For Dianne Kohler Barnard … The Idiot’s Guide to PW Botha

DIANNE Kohler Barnard has been in trouble before. Five years ago, she was suspended for a working week – by her own Chief Whip – for shouting an obscenity in Parliament. But this time, the Democratic Alliance’s shadow police minister has not just been demonstrating her lack of class in an assembly of fellow parliamentarians….

The row which she has now found herself embroiled in – over a social media post praising the leadership of PW Botha – is much more serious than that.

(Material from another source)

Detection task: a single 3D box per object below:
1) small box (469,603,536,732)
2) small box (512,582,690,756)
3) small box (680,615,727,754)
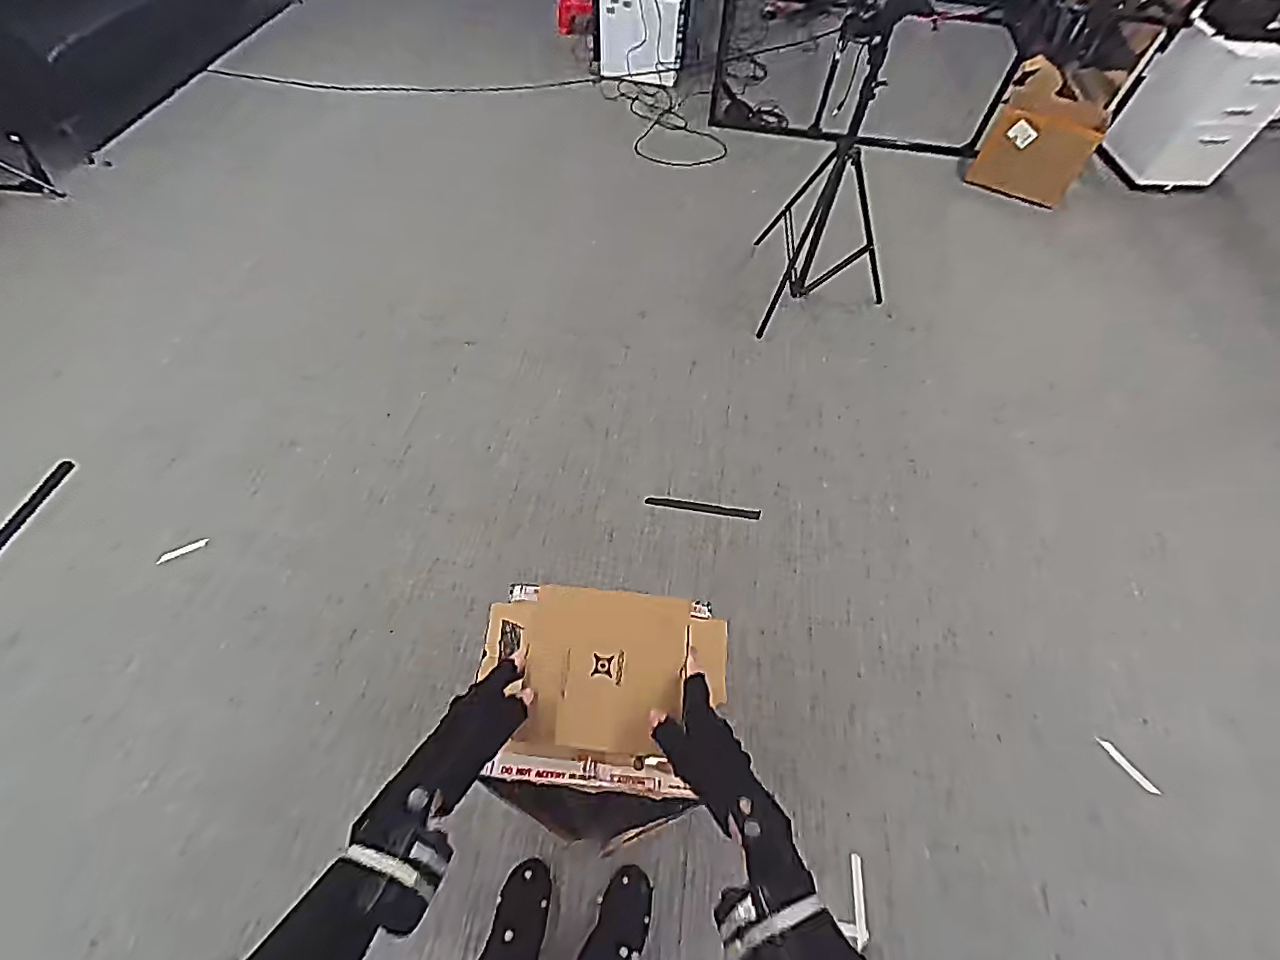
[{"bbox_3d":[-0.155,0.310,0.875,0.179,0.176,0.168,3,56,0],"label":"small box"},{"bbox_3d":[-0.037,0.233,0.651,0.179,0.176,0.168,4,61,3],"label":"small box"},{"bbox_3d":[0.042,0.328,0.874,0.168,0.176,0.179,7,56,0],"label":"small box"}]

She decided to share a Facebook entry that reeked with insensitivity towards millions of her compatriots who had lost loved ones to police death squads, army assassination units and foreign-trained torturers … who had had their homes and land seized in the name of apartheid … who had been forcibly moved and resettled in barren pieces of veld, far away from cities and towns … and who had been thrust into conditions of numbing poverty, while Botha was either the Prime Minister or the President of white South Africa, or the Minister of Community Development and Coloured Affairs.

Kohler Barnard’s brainfart was picked up by users on Twitter – and it went viral.

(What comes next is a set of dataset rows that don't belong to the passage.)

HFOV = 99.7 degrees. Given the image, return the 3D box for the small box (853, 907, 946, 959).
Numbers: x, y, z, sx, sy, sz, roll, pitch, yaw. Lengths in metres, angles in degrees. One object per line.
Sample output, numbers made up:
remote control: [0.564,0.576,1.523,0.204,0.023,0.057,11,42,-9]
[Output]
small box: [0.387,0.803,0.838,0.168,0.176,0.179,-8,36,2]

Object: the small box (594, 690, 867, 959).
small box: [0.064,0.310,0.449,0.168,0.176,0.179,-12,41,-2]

It is inevitable that it should have done so. Her decision to ‘share’ the post was disrespectful and insulting to ALL black South Africans and, more so, it was a demonstration of ignorance of almost unbelievable proportions from a senior office-bearer, holding an important ‘shadow cabinet’ position, in a party that has pronounced itself ‘ready to govern’ South Africa.

There should be only one consequence for her thoughtless action: dismissal.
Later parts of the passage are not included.